Start of GIVEN RECORDS
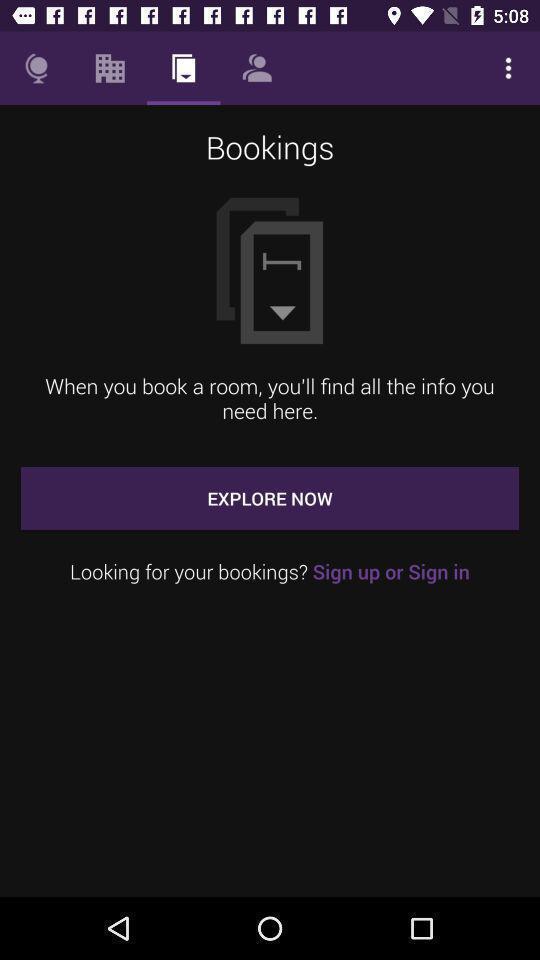Please provide a description for this image. Screen showing bookings page. 
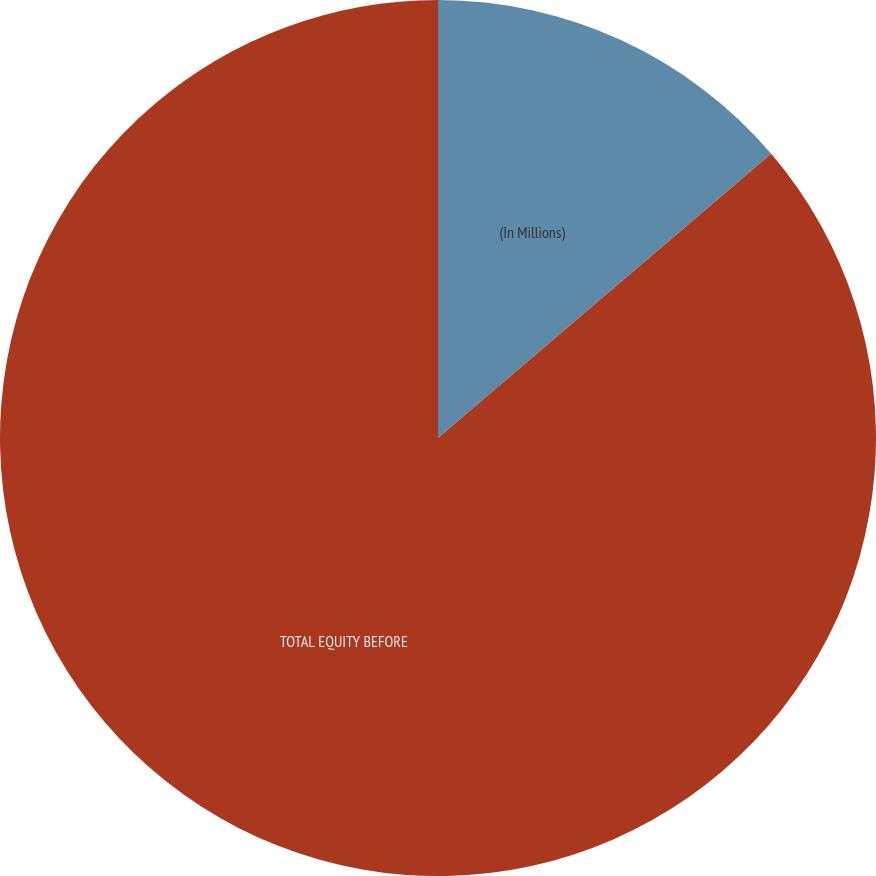<chart> <loc_0><loc_0><loc_500><loc_500><pie_chart><fcel>(In Millions)<fcel>TOTAL EQUITY BEFORE<nl><fcel>13.76%<fcel>86.24%<nl></chart> 
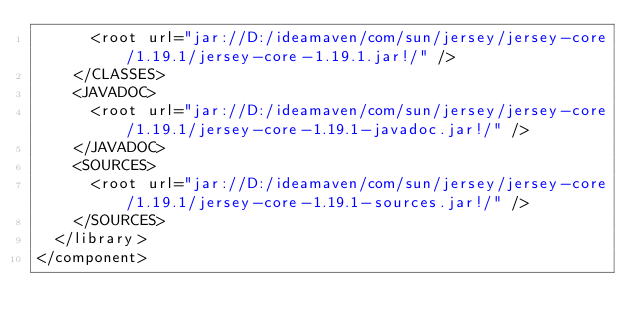<code> <loc_0><loc_0><loc_500><loc_500><_XML_>      <root url="jar://D:/ideamaven/com/sun/jersey/jersey-core/1.19.1/jersey-core-1.19.1.jar!/" />
    </CLASSES>
    <JAVADOC>
      <root url="jar://D:/ideamaven/com/sun/jersey/jersey-core/1.19.1/jersey-core-1.19.1-javadoc.jar!/" />
    </JAVADOC>
    <SOURCES>
      <root url="jar://D:/ideamaven/com/sun/jersey/jersey-core/1.19.1/jersey-core-1.19.1-sources.jar!/" />
    </SOURCES>
  </library>
</component></code> 
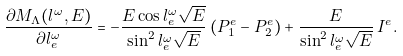Convert formula to latex. <formula><loc_0><loc_0><loc_500><loc_500>\frac { \partial M _ { \Lambda } ( l ^ { \omega } , E ) } { \partial l ^ { \omega } _ { e } } = - \frac { E \cos l ^ { \omega } _ { e } \sqrt { E } } { \sin ^ { 2 } l ^ { \omega } _ { e } \sqrt { E } } \, ( P _ { 1 } ^ { e } - P _ { 2 } ^ { e } ) + \frac { E } { \sin ^ { 2 } l ^ { \omega } _ { e } \sqrt { E } } \, I ^ { e } .</formula> 
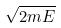<formula> <loc_0><loc_0><loc_500><loc_500>\sqrt { 2 m E }</formula> 
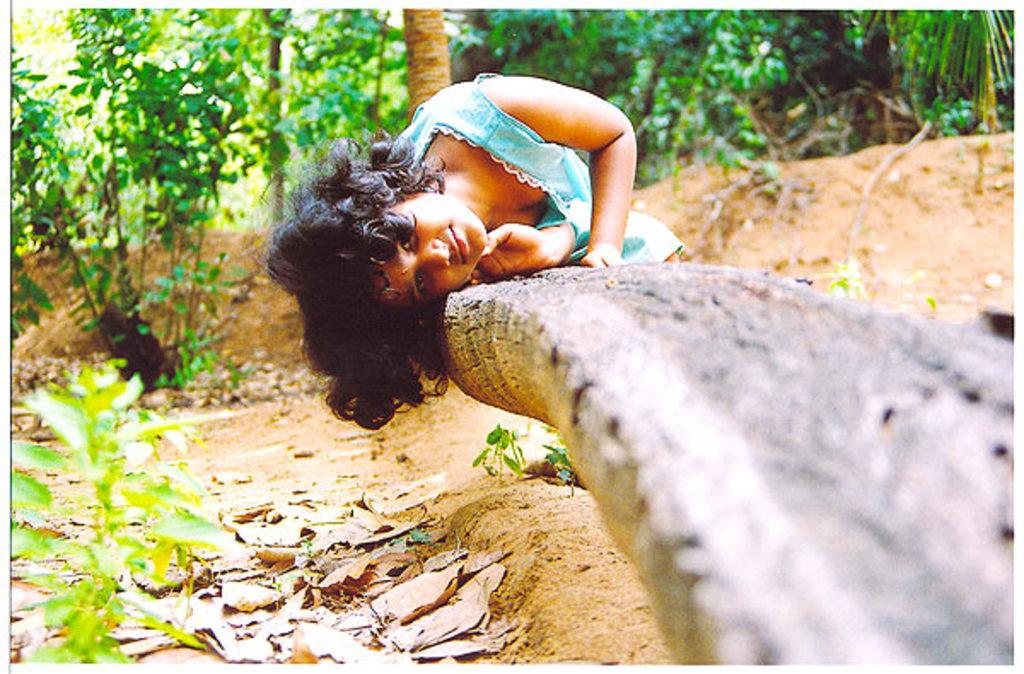What is the girl doing in the image? The girl is lying on a wooden trunk in the image. What can be seen on the left side of the image? There is a plant on the left side of the image. What is visible in the background of the image? There are trees in the background of the image. What type of magic is the girl performing in the image? There is no indication of magic or any magical activity in the image. 
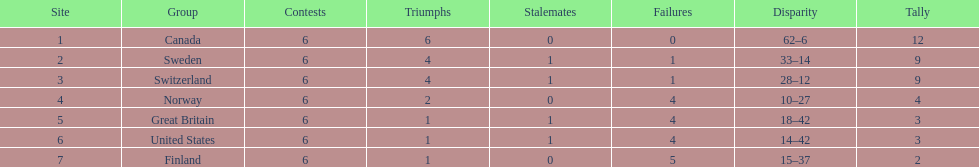Which country performed better during the 1951 world ice hockey championships, switzerland or great britain? Switzerland. 
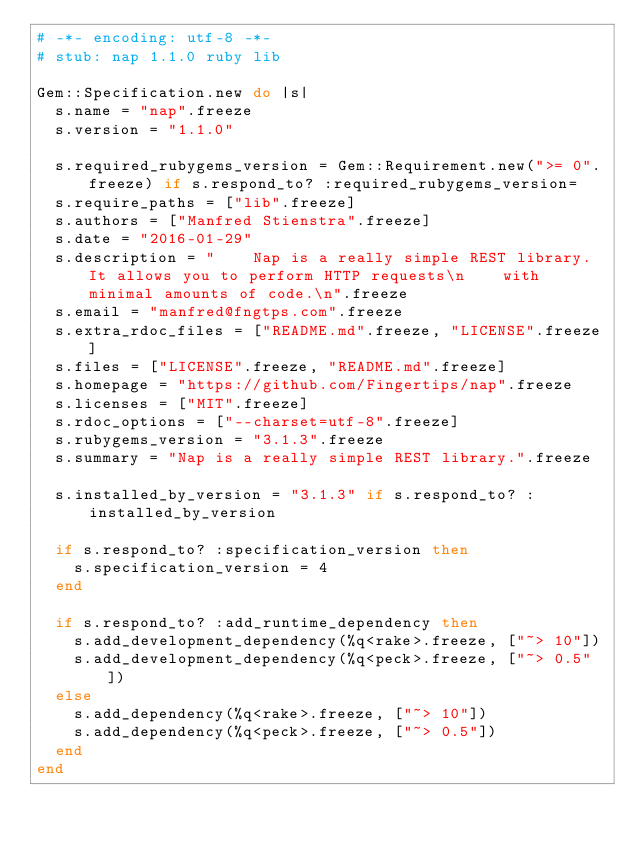Convert code to text. <code><loc_0><loc_0><loc_500><loc_500><_Ruby_># -*- encoding: utf-8 -*-
# stub: nap 1.1.0 ruby lib

Gem::Specification.new do |s|
  s.name = "nap".freeze
  s.version = "1.1.0"

  s.required_rubygems_version = Gem::Requirement.new(">= 0".freeze) if s.respond_to? :required_rubygems_version=
  s.require_paths = ["lib".freeze]
  s.authors = ["Manfred Stienstra".freeze]
  s.date = "2016-01-29"
  s.description = "    Nap is a really simple REST library. It allows you to perform HTTP requests\n    with minimal amounts of code.\n".freeze
  s.email = "manfred@fngtps.com".freeze
  s.extra_rdoc_files = ["README.md".freeze, "LICENSE".freeze]
  s.files = ["LICENSE".freeze, "README.md".freeze]
  s.homepage = "https://github.com/Fingertips/nap".freeze
  s.licenses = ["MIT".freeze]
  s.rdoc_options = ["--charset=utf-8".freeze]
  s.rubygems_version = "3.1.3".freeze
  s.summary = "Nap is a really simple REST library.".freeze

  s.installed_by_version = "3.1.3" if s.respond_to? :installed_by_version

  if s.respond_to? :specification_version then
    s.specification_version = 4
  end

  if s.respond_to? :add_runtime_dependency then
    s.add_development_dependency(%q<rake>.freeze, ["~> 10"])
    s.add_development_dependency(%q<peck>.freeze, ["~> 0.5"])
  else
    s.add_dependency(%q<rake>.freeze, ["~> 10"])
    s.add_dependency(%q<peck>.freeze, ["~> 0.5"])
  end
end
</code> 
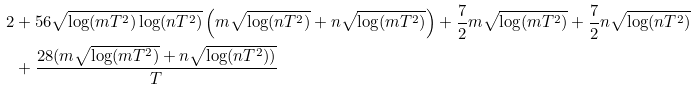<formula> <loc_0><loc_0><loc_500><loc_500>2 & + 5 6 \sqrt { \log ( m T ^ { 2 } ) \log ( n T ^ { 2 } ) } \left ( m \sqrt { \log ( n T ^ { 2 } ) } + n \sqrt { \log ( m T ^ { 2 } ) } \right ) + \frac { 7 } { 2 } m \sqrt { \log ( m T ^ { 2 } ) } + \frac { 7 } { 2 } n \sqrt { \log ( n T ^ { 2 } ) } \\ & + \frac { 2 8 ( m \sqrt { \log ( m T ^ { 2 } ) } + n \sqrt { \log ( n T ^ { 2 } ) ) } } { T }</formula> 
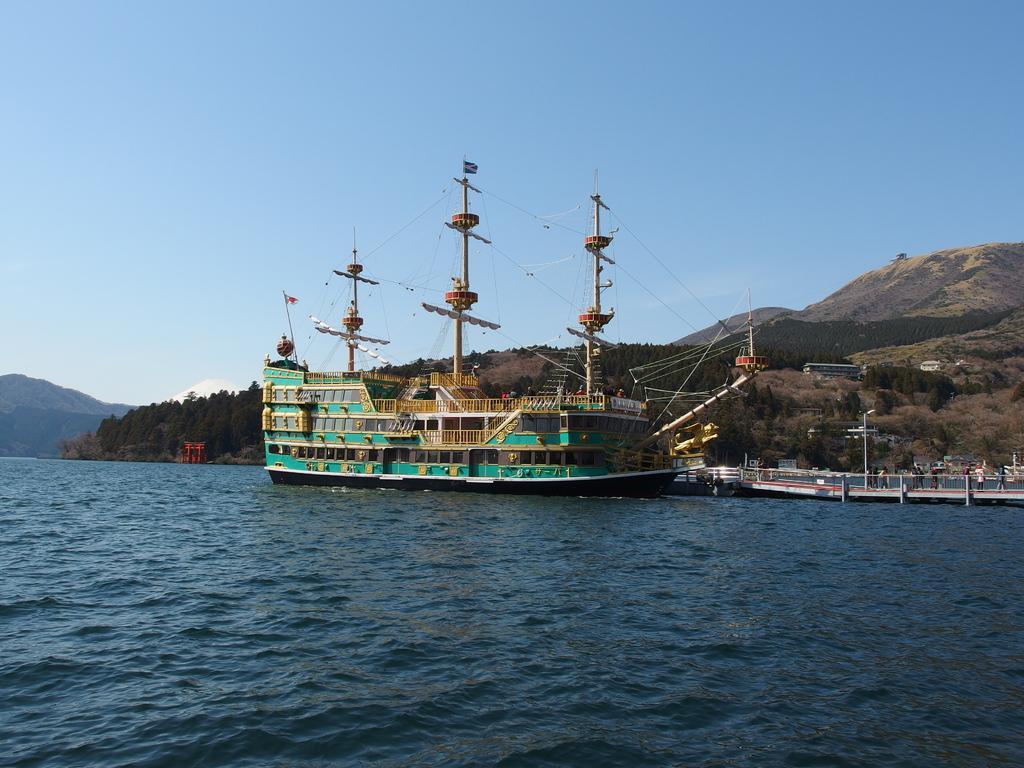Describe this image in one or two sentences. In the picture we can see water which is blue in color and in it we can see a ship with poles and wires to it and beside it we can see some boats and behind it we can see some hills which are covered with trees and some part is covered with grass surface and in the background we can see a sky. 
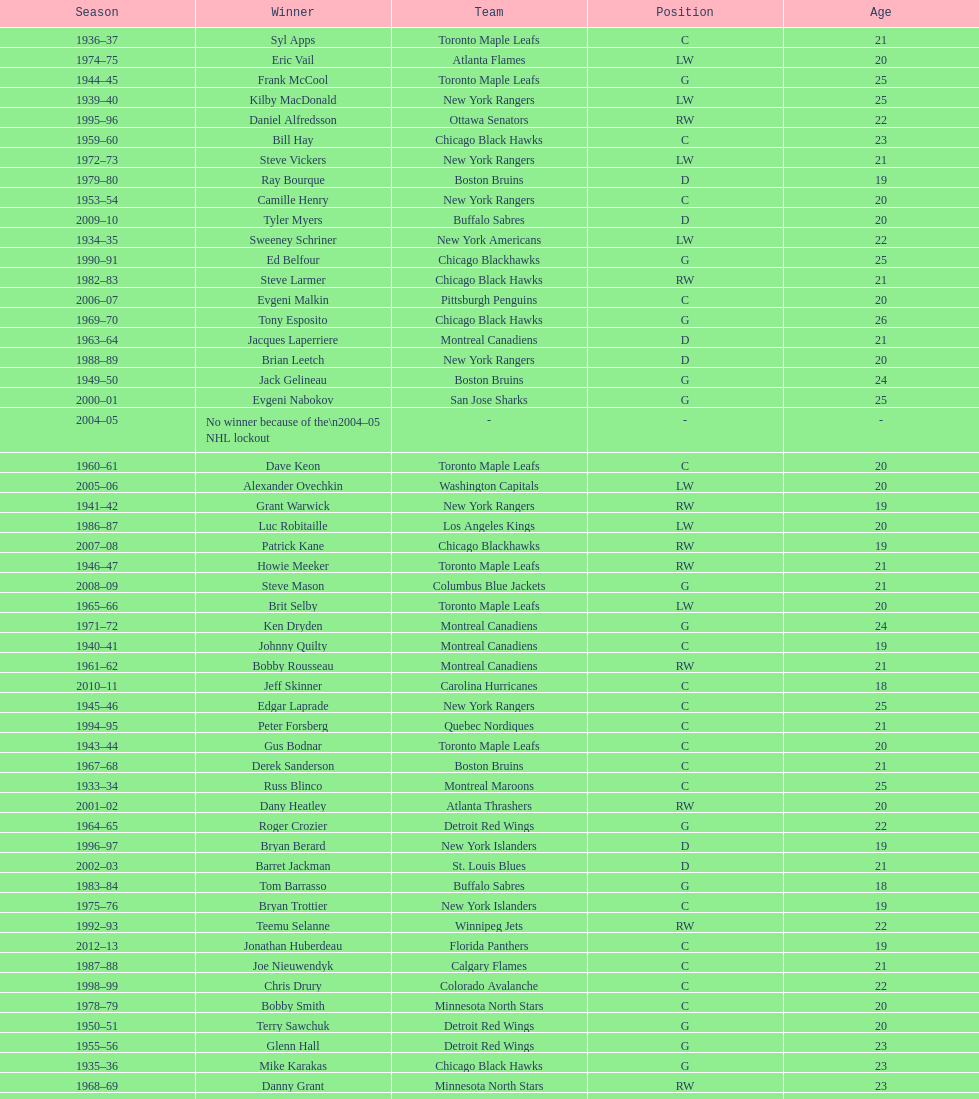Who was the first calder memorial trophy winner from the boston bruins? Frank Brimsek. 
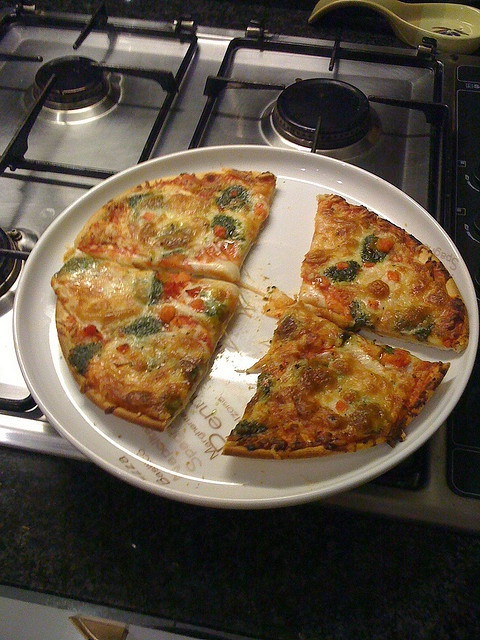Describe the objects in this image and their specific colors. I can see oven in black, olive, darkgray, gray, and tan tones, pizza in black, olive, and tan tones, pizza in black, olive, and maroon tones, and pizza in black, brown, maroon, tan, and olive tones in this image. 
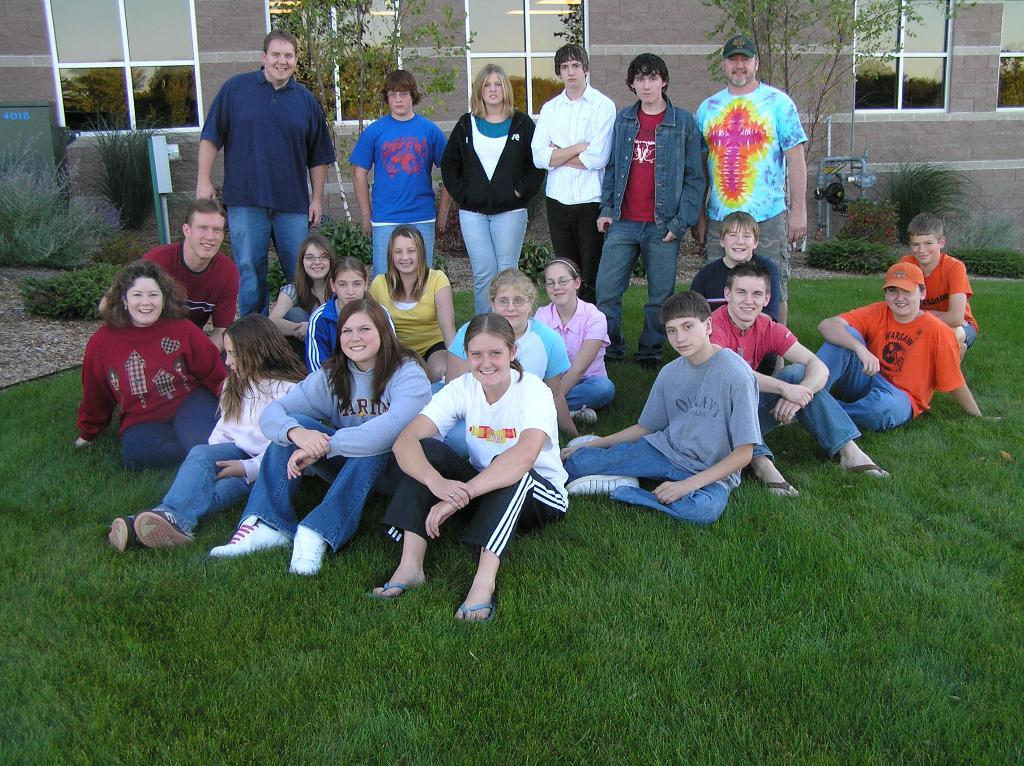What types of people are in the image? There are boys and girls in the image. Where are the boys and girls standing? They are standing on grassland. What can be seen behind the people in the image? There are people standing in front of a building, and trees are present in front of the building. What type of marble is being used to tell a story in the image? There is no marble or storytelling depicted in the image.
End of GIVEN RECORDS
- PROBLEM: Leave out the pictures and print every line of the data exactly.

- ANSWER SPACE:
Please provide a description for this image. Screen showing bookings page. 
<chart> <loc_0><loc_0><loc_500><loc_500><pie_chart><fcel>(In Millions)<fcel>TOTAL EQUITY BEFORE<nl><fcel>13.76%<fcel>86.24%<nl></chart> 
<code> <loc_0><loc_0><loc_500><loc_500><_XML_>      <root url="jar://D:/ideamaven/com/sun/jersey/jersey-core/1.19.1/jersey-core-1.19.1.jar!/" />
    </CLASSES>
    <JAVADOC>
      <root url="jar://D:/ideamaven/com/sun/jersey/jersey-core/1.19.1/jersey-core-1.19.1-javadoc.jar!/" />
    </JAVADOC>
    <SOURCES>
      <root url="jar://D:/ideamaven/com/sun/jersey/jersey-core/1.19.1/jersey-core-1.19.1-sources.jar!/" />
    </SOURCES>
  </library>
</component></code> 
Convert formula to latex. <formula><loc_0><loc_0><loc_500><loc_500>\frac { \partial M _ { \Lambda } ( l ^ { \omega } , E ) } { \partial l ^ { \omega } _ { e } } = - \frac { E \cos l ^ { \omega } _ { e } \sqrt { E } } { \sin ^ { 2 } l ^ { \omega } _ { e } \sqrt { E } } \, ( P _ { 1 } ^ { e } - P _ { 2 } ^ { e } ) + \frac { E } { \sin ^ { 2 } l ^ { \omega } _ { e } \sqrt { E } } \, I ^ { e } .</formula> 
<formula> <loc_0><loc_0><loc_500><loc_500>\sqrt { 2 m E }</formula> 
What is the girl doing in the image? The girl is lying on a wooden trunk in the image. What can be seen on the left side of the image? There is a plant on the left side of the image. What is visible in the background of the image? There are trees in the background of the image. What type of magic is the girl performing in the image? There is no indication of magic or any magical activity in the image. 
Which country performed better during the 1951 world ice hockey championships, switzerland or great britain? Switzerland. 
Convert code to text. <code><loc_0><loc_0><loc_500><loc_500><_Ruby_># -*- encoding: utf-8 -*-
# stub: nap 1.1.0 ruby lib

Gem::Specification.new do |s|
  s.name = "nap".freeze
  s.version = "1.1.0"

  s.required_rubygems_version = Gem::Requirement.new(">= 0".freeze) if s.respond_to? :required_rubygems_version=
  s.require_paths = ["lib".freeze]
  s.authors = ["Manfred Stienstra".freeze]
  s.date = "2016-01-29"
  s.description = "    Nap is a really simple REST library. It allows you to perform HTTP requests\n    with minimal amounts of code.\n".freeze
  s.email = "manfred@fngtps.com".freeze
  s.extra_rdoc_files = ["README.md".freeze, "LICENSE".freeze]
  s.files = ["LICENSE".freeze, "README.md".freeze]
  s.homepage = "https://github.com/Fingertips/nap".freeze
  s.licenses = ["MIT".freeze]
  s.rdoc_options = ["--charset=utf-8".freeze]
  s.rubygems_version = "3.1.3".freeze
  s.summary = "Nap is a really simple REST library.".freeze

  s.installed_by_version = "3.1.3" if s.respond_to? :installed_by_version

  if s.respond_to? :specification_version then
    s.specification_version = 4
  end

  if s.respond_to? :add_runtime_dependency then
    s.add_development_dependency(%q<rake>.freeze, ["~> 10"])
    s.add_development_dependency(%q<peck>.freeze, ["~> 0.5"])
  else
    s.add_dependency(%q<rake>.freeze, ["~> 10"])
    s.add_dependency(%q<peck>.freeze, ["~> 0.5"])
  end
end
</code> 
<formula> <loc_0><loc_0><loc_500><loc_500>2 & + 5 6 \sqrt { \log ( m T ^ { 2 } ) \log ( n T ^ { 2 } ) } \left ( m \sqrt { \log ( n T ^ { 2 } ) } + n \sqrt { \log ( m T ^ { 2 } ) } \right ) + \frac { 7 } { 2 } m \sqrt { \log ( m T ^ { 2 } ) } + \frac { 7 } { 2 } n \sqrt { \log ( n T ^ { 2 } ) } \\ & + \frac { 2 8 ( m \sqrt { \log ( m T ^ { 2 } ) } + n \sqrt { \log ( n T ^ { 2 } ) ) } } { T }</formula> 
Describe this image in one or two sentences. In the picture we can see water which is blue in color and in it we can see a ship with poles and wires to it and beside it we can see some boats and behind it we can see some hills which are covered with trees and some part is covered with grass surface and in the background we can see a sky. 
Who was the first calder memorial trophy winner from the boston bruins? Frank Brimsek. 
Describe the objects in this image and their specific colors. I can see oven in black, olive, darkgray, gray, and tan tones, pizza in black, olive, and tan tones, pizza in black, olive, and maroon tones, and pizza in black, brown, maroon, tan, and olive tones in this image. 
What types of people are in the image? There are boys and girls in the image. Where are the boys and girls standing? They are standing on grassland. What can be seen behind the people in the image? There are people standing in front of a building, and trees are present in front of the building. What type of marble is being used to tell a story in the image? There is no marble or storytelling depicted in the image.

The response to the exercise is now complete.